INPUT DATA —
----------
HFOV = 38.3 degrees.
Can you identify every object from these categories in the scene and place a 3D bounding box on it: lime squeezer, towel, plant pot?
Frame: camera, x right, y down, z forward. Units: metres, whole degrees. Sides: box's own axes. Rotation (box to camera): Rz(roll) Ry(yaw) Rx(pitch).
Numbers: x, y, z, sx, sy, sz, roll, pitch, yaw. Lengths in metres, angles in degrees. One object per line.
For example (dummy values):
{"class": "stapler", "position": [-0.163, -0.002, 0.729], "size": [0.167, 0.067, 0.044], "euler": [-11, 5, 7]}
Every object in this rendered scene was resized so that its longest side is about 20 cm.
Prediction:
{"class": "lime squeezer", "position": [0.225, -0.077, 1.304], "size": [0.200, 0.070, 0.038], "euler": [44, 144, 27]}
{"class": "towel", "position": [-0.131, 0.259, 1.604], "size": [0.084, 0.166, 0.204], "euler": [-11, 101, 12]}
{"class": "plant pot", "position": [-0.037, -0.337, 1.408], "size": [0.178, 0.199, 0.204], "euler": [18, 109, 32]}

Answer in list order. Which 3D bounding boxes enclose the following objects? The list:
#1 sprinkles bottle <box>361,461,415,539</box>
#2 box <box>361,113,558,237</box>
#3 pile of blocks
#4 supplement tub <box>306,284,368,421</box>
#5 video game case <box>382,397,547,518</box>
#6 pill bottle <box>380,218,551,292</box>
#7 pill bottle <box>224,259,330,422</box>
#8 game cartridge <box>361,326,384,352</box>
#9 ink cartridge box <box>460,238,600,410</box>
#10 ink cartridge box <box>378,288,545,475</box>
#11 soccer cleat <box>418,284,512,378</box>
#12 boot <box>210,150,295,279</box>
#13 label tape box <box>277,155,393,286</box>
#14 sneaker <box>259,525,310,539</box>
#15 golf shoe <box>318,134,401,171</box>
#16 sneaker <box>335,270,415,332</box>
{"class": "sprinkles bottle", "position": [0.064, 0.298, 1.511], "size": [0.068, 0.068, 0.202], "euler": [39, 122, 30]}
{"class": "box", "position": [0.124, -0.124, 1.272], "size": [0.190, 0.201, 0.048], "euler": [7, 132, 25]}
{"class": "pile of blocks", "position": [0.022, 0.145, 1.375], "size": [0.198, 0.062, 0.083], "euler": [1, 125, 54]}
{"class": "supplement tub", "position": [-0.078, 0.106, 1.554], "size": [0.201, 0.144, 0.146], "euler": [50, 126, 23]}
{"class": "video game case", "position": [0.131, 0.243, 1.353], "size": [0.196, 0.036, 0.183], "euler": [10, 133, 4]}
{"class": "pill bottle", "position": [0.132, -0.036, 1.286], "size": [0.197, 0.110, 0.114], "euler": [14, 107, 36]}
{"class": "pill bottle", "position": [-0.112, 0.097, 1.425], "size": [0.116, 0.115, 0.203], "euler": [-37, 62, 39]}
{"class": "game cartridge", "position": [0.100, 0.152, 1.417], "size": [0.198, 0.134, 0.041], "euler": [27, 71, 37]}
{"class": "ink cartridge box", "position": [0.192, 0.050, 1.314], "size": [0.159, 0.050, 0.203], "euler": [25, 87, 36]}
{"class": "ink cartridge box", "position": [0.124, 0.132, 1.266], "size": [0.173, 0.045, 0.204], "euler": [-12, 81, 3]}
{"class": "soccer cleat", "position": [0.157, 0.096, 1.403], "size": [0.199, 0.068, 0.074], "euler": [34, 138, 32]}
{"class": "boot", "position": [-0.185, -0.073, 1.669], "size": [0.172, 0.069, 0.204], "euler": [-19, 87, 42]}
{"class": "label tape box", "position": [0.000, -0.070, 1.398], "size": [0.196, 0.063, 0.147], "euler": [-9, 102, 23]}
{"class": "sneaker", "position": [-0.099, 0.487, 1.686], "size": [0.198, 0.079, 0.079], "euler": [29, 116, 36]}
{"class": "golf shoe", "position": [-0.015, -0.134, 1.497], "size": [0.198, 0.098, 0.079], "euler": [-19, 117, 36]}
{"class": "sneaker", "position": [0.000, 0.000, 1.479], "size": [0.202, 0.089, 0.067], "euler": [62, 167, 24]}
----------
EXERCISE — Check every line of the entries above, and copy those that carry the string "scene".

ANSWER AREA —
Can you identify every object from these categories in the scene and place a 3D bounding box on it: lime squeezer, towel, plant pot?
Every object in this rendered scene was resized so that its longest side is about 20 cm.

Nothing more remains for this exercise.